REQUIRED WORK:
Could you return all of the records exactly, minus their images?

Records from a data collection:
■ ■ ■

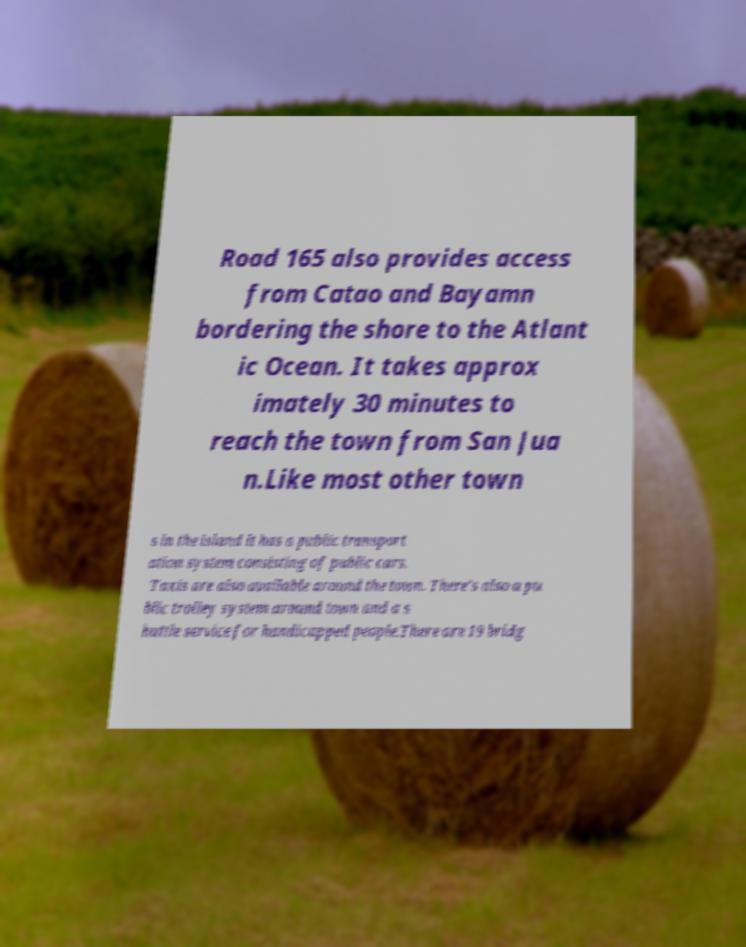Please read and relay the text visible in this image. What does it say? Road 165 also provides access from Catao and Bayamn bordering the shore to the Atlant ic Ocean. It takes approx imately 30 minutes to reach the town from San Jua n.Like most other town s in the island it has a public transport ation system consisting of public cars. Taxis are also available around the town. There's also a pu blic trolley system around town and a s huttle service for handicapped people.There are 19 bridg 
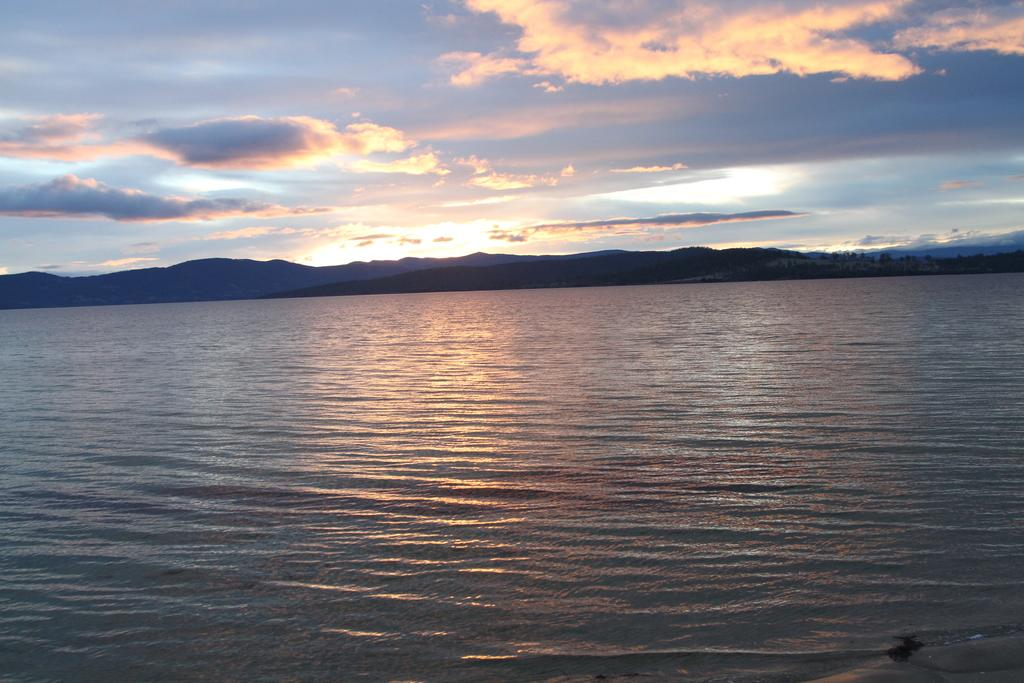What is present in the image that is not solid? There is water in the image. What type of natural formation can be seen in the background of the image? There are mountains visible in the background of the image. What is the color of the sky in the image? The sky is blue and white in color. What type of insect can be seen flying near the mountains in the image? There are no insects visible in the image; it only features water, mountains, and the sky. What type of flesh can be seen in the image? There is no flesh present in the image. 
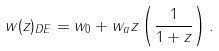Convert formula to latex. <formula><loc_0><loc_0><loc_500><loc_500>w ( z ) _ { D E } = w _ { 0 } + w _ { a } z \left ( \frac { 1 } { 1 + z } \right ) .</formula> 
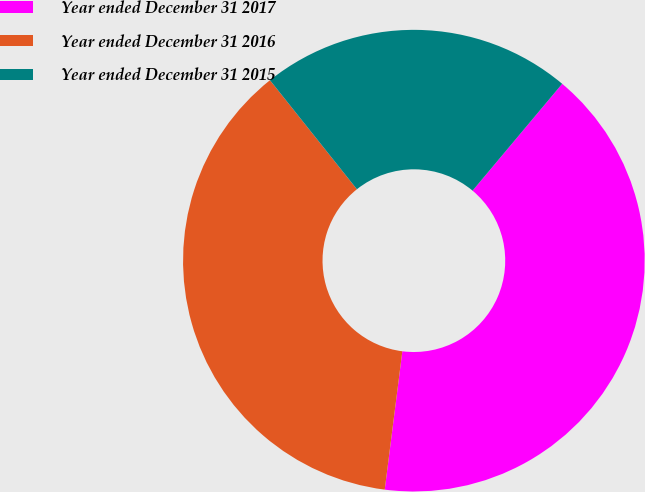Convert chart to OTSL. <chart><loc_0><loc_0><loc_500><loc_500><pie_chart><fcel>Year ended December 31 2017<fcel>Year ended December 31 2016<fcel>Year ended December 31 2015<nl><fcel>40.91%<fcel>37.27%<fcel>21.82%<nl></chart> 
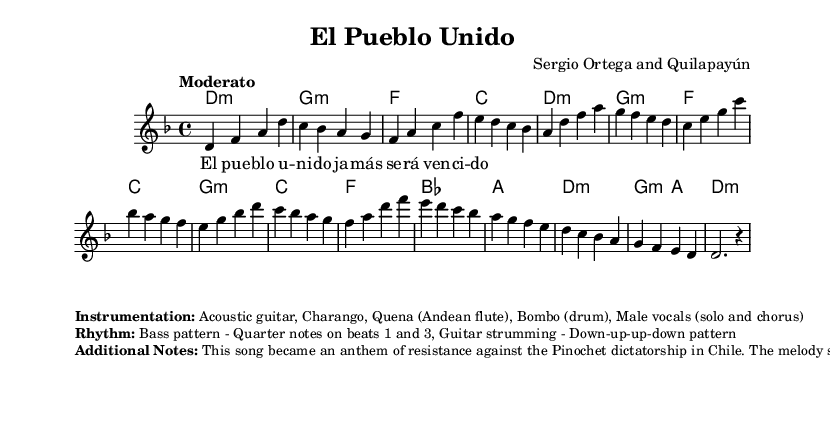What is the key signature of this music? The key signature is D minor, which is indicated by one flat (B flat). The music starts with the note D in the first measure, and since it is specified as being in D minor, we conclude that the key signature corresponds accordingly.
Answer: D minor What is the time signature of this music? The time signature is 4/4, as indicated at the beginning of the piece. This means there are four beats in each measure, and the quarter note gets one beat, which matches the consistent rhythm throughout the score.
Answer: 4/4 What is the tempo marking of the music? The tempo marking is "Moderato," which suggests a moderate pace. This information is given at the start of the score, providing an instruction for how quickly or slowly the piece should be played.
Answer: Moderato How many different chord changes are in the piece? There are 12 chord changes listed in the chord section of the score. By counting the chord symbols written above the staff, we determine that they appear in groups throughout the music, reflecting the structure of the accompaniment.
Answer: 12 What is the primary instrument used for the melody? The primary instrument for the melody is the voice, as indicated in the score where it exclusively shows a melody line with lyrics attached, suggesting vocal performance.
Answer: Voice What does the song symbolize in the context of its historical background? The song symbolizes resistance and unity against oppression, specifically referencing its role as an anthem during the Pinochet dictatorship in Chile. The lyrics and passionate music evoke a strong sense of collective struggle and hope.
Answer: Resistance 
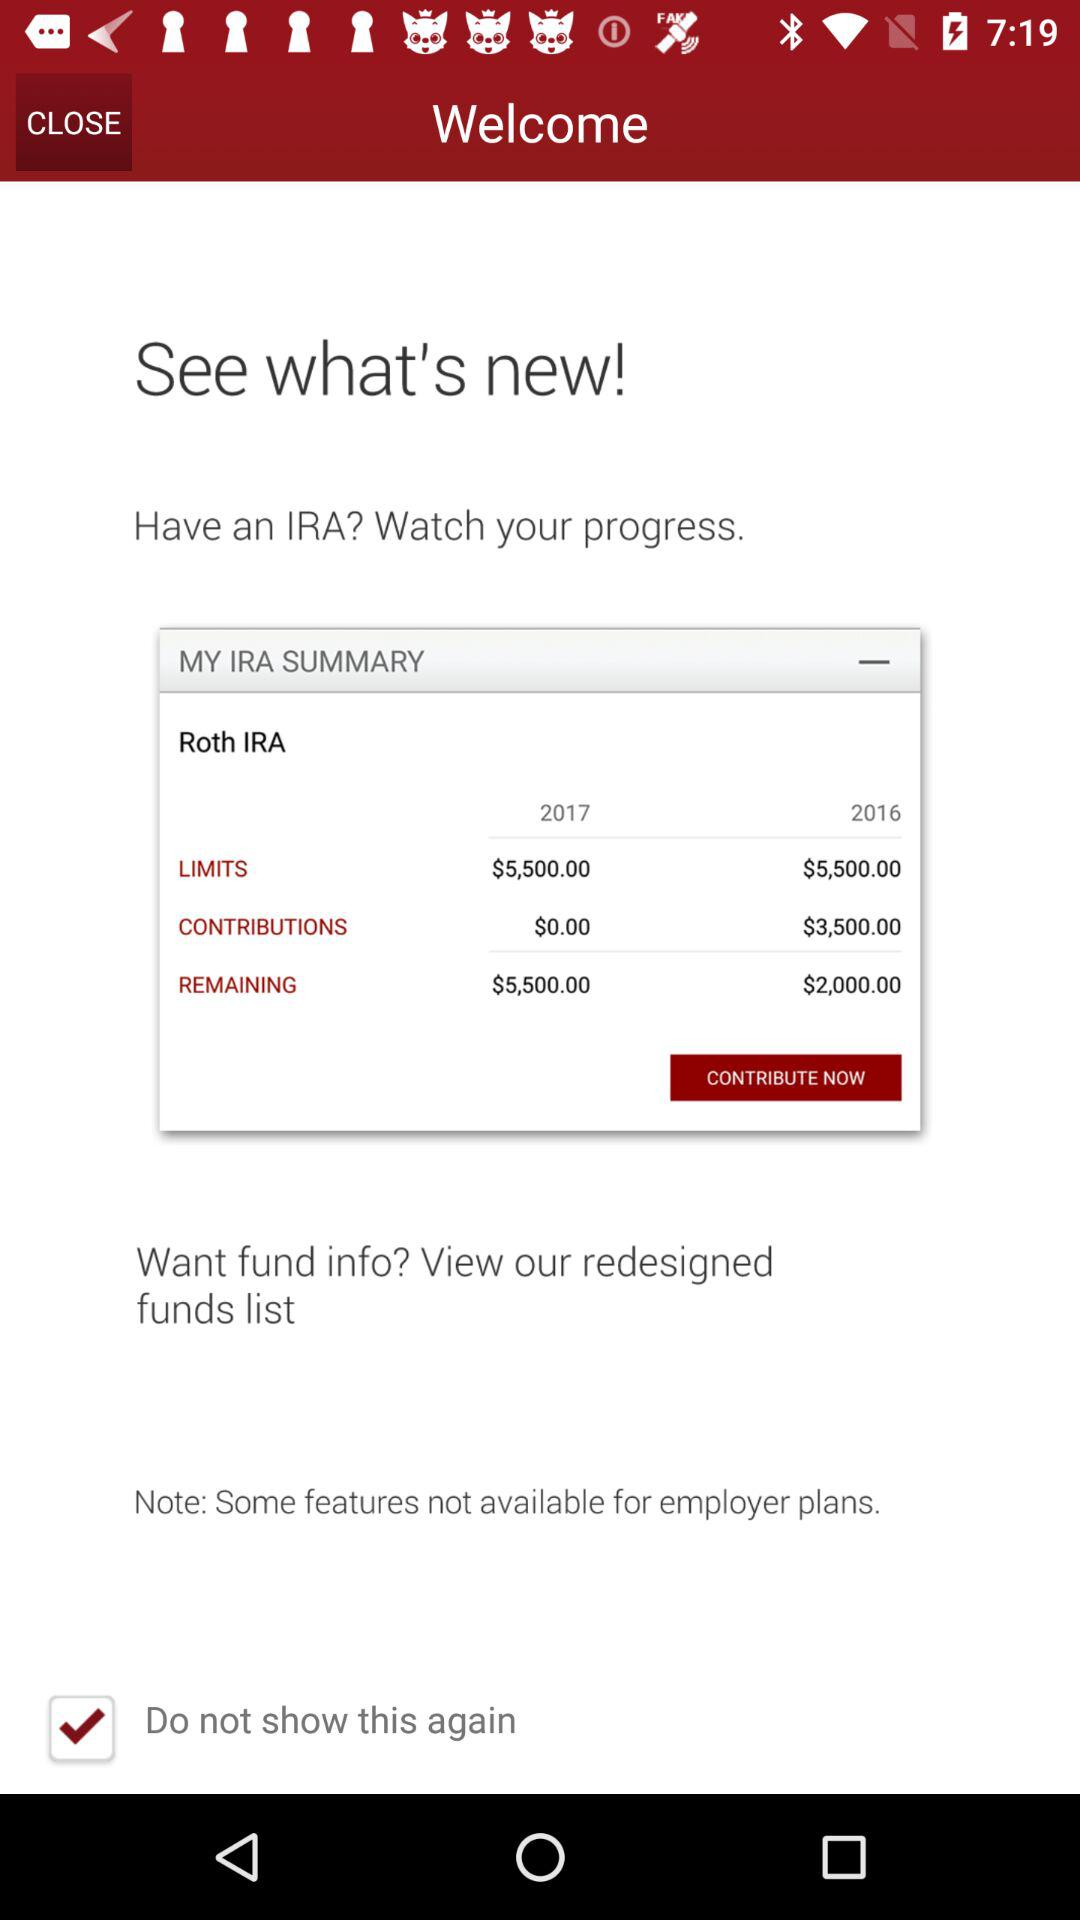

■ ■ ■

RESPONSE AREA:
Please read and relay the text visible in this image. What does it say? Road 165 also provides access from Catao and Bayamn bordering the shore to the Atlant ic Ocean. It takes approx imately 30 minutes to reach the town from San Jua n.Like most other town s in the island it has a public transport ation system consisting of public cars. Taxis are also available around the town. There's also a pu blic trolley system around town and a s huttle service for handicapped people.There are 19 bridg 
What is present in the image that is not solid? There is water in the image. What type of natural formation can be seen in the background of the image? There are mountains visible in the background of the image. What is the color of the sky in the image? The sky is blue and white in color. What type of insect can be seen flying near the mountains in the image? There are no insects visible in the image; it only features water, mountains, and the sky. What type of flesh can be seen in the image? There is no flesh present in the image. 
Convert formula to latex. <formula><loc_0><loc_0><loc_500><loc_500>w ( z ) _ { D E } = w _ { 0 } + w _ { a } z \left ( \frac { 1 } { 1 + z } \right ) .</formula> 
Convert chart to OTSL. <chart><loc_0><loc_0><loc_500><loc_500><pie_chart><fcel>Year ended December 31 2017<fcel>Year ended December 31 2016<fcel>Year ended December 31 2015<nl><fcel>40.91%<fcel>37.27%<fcel>21.82%<nl></chart> 
What is the key signature of this music? The key signature is D minor, which is indicated by one flat (B flat). The music starts with the note D in the first measure, and since it is specified as being in D minor, we conclude that the key signature corresponds accordingly.
Answer: D minor What is the time signature of this music? The time signature is 4/4, as indicated at the beginning of the piece. This means there are four beats in each measure, and the quarter note gets one beat, which matches the consistent rhythm throughout the score.
Answer: 4/4 What is the tempo marking of the music? The tempo marking is "Moderato," which suggests a moderate pace. This information is given at the start of the score, providing an instruction for how quickly or slowly the piece should be played.
Answer: Moderato How many different chord changes are in the piece? There are 12 chord changes listed in the chord section of the score. By counting the chord symbols written above the staff, we determine that they appear in groups throughout the music, reflecting the structure of the accompaniment.
Answer: 12 What is the primary instrument used for the melody? The primary instrument for the melody is the voice, as indicated in the score where it exclusively shows a melody line with lyrics attached, suggesting vocal performance.
Answer: Voice What does the song symbolize in the context of its historical background? The song symbolizes resistance and unity against oppression, specifically referencing its role as an anthem during the Pinochet dictatorship in Chile. The lyrics and passionate music evoke a strong sense of collective struggle and hope.
Answer: Resistance 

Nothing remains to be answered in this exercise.